Qu’en est-il des PME et ETI de croissance qui ne rentrent pas (encore?) dans le champ de la loi? Il semble y avoir une hausse du nombre de femmes créatrices d’entreprises…
Cela fait 10 ans chez Women Equity que nous nous attachons à identifier, accompagner, financer et promouvoir les PME de croissance et les ETI dirigées par des femmes en France.
Parce que nous croyons à la vertu des rôles modèles accessibles (ce que n’est pas tout à fait une patronne du CAC 40, et où la dimension politique de la nomination ou du maintien n’est pas anodine) pour faire bouger les lignes.
Parce qu’il faut raconter la diversité des profils entrepreneuriaux, accompagner et partager ces succès remarquables dans tous les secteurs de l’économie.
Nous avons démarré à partir de plusieurs constats.
Les PME et ETI, pourtant responsables de 55% des emplois au global (et plus du double de celui des grandes entreprises), relèvent de la boîte noire, avec peu d’éléments d’information sur le profil des dirigeants, sur les parcours d’accès aux fonctions de direction, sur la composition salariale, etc.
Nous documentons chaque année depuis 10 ans près de la moitié des entreprises françaises qui disposent de chiffres d’affaires entre 4 et 150 M€, soit 40 000 PME et ETI, et regardons la part des femmes dirigeantes et comparons leurs performances à celles de leurs homologues masculins.
Leurs entreprises représentent entre 15% et 20% de l’échantillon global, sont de taille tout à fait similaire à leurs homologues et ne sont pas cantonnées à quelques secteurs considérés comme féminins.

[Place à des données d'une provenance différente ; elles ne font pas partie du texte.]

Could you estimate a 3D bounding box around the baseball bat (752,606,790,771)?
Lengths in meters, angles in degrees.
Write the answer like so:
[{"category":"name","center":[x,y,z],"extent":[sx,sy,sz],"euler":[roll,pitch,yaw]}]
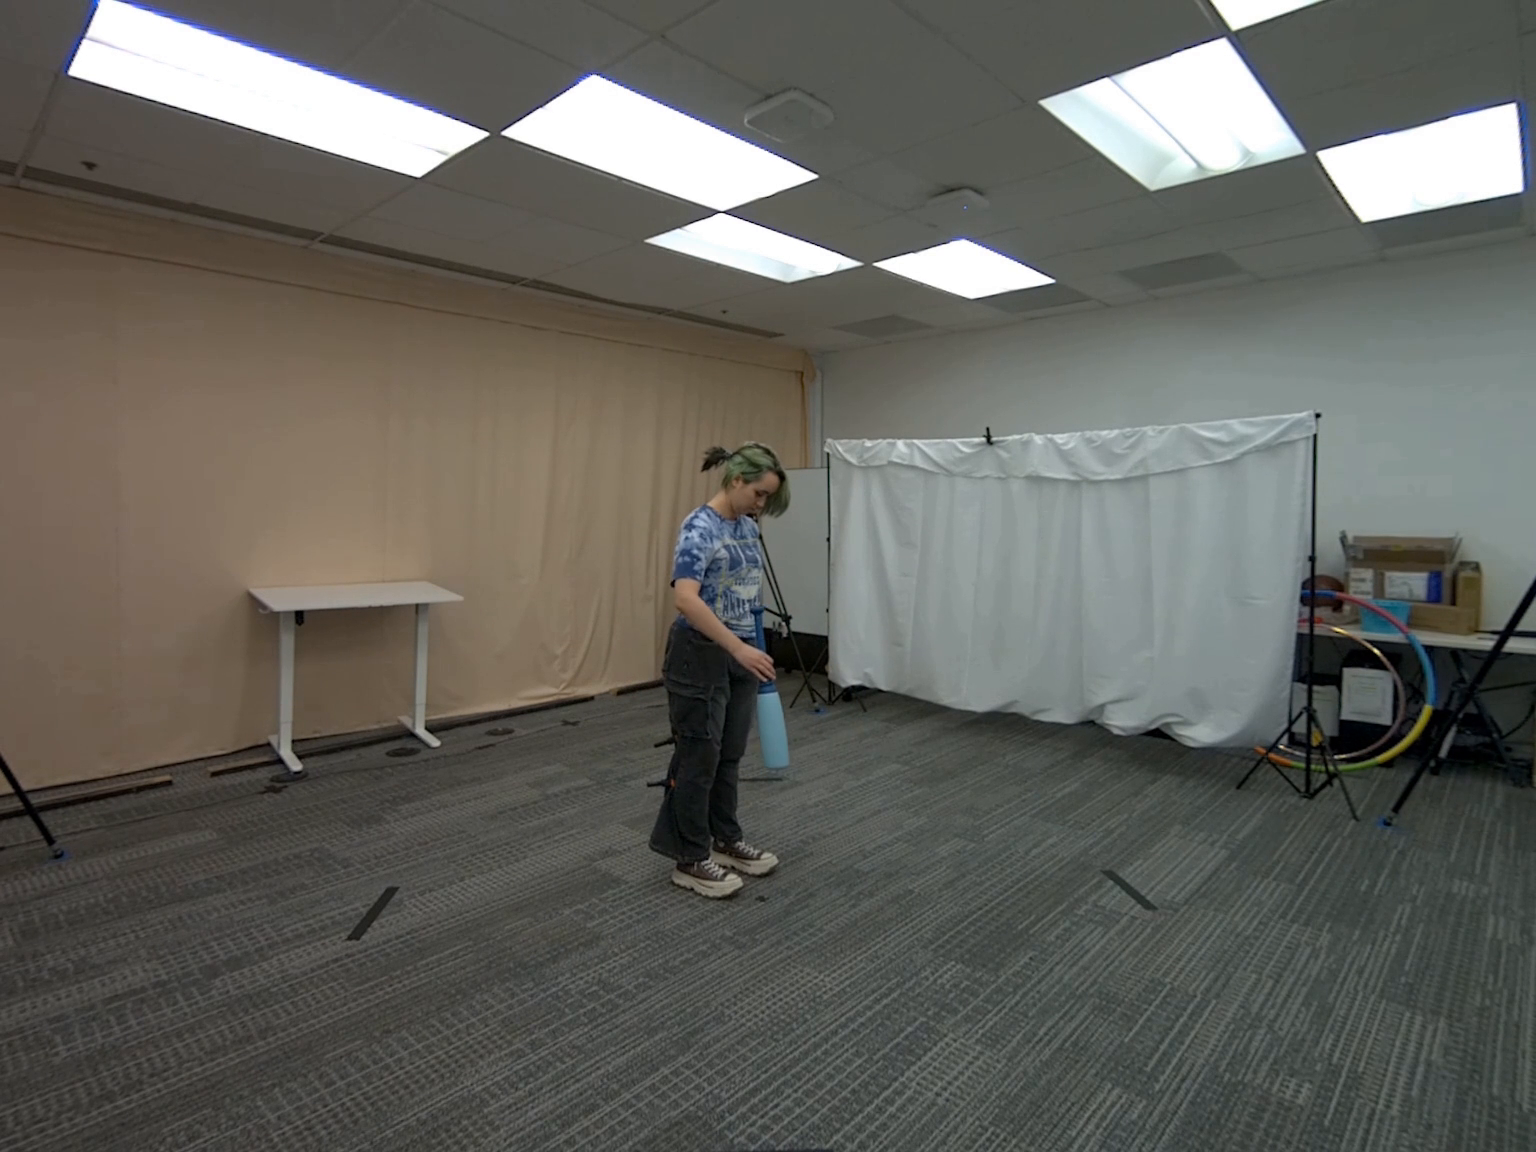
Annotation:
[{"category":"baseball bat","center":[-0.005,0.376,2.833],"extent":[0.089,0.547,0.088],"euler":[-6,-9,-3]}]

Fait plus remarquable encore, à taille et secteur homogènes, elles surperforment, avec une rentabilité moyenne à près de 9% versus 6% pour leurs homologues.
Ces entreprises remarquables sont-elles pour autant reconnues? Prennent-elles pour autant la place qui leur revient dans les media, les réseaux institutionnels et politiques?
Certainement pas, même si nous nous attelons à faire la lumière sur elles.
Plus dérangeant encore, si on regarde la façon dont elles sont financées pour soutenir leur croissance, elles ont en moyenne six fois moins de probabilité d’être accompagnées par les acteurs du capital-investissement français.
Toute l’initiative de Women Equity Partners, au fil des années dédiées au soutien des PME et ETI dirigées par des femmes, vise à identifier et mettre en évidence l’incroyable richesse d’un univers d’entreprises largement méconnu et encore aujourd’hui relativement ignoré, dirigées par des managements remarquables, qui excellent sous de nombreuses contraintes, de visibilité et de reconnaissance, de faible intégration dans les réseaux d’affaires traditionnels, comme de financement en capital.
La plateforme Women Equity a été développée à partir des attentes identifiées et exprimées par des dirigeantes de PME qui comptent parmi les plus performantes.
Sa mission: construire un écosystème favorable qui leur permet de majorer l’impact économique, financier, social et sociétal des entreprises dont elles ont la responsabilité. Et concourir ainsi à l’émergence de champions régionaux, nationaux, et internationaux.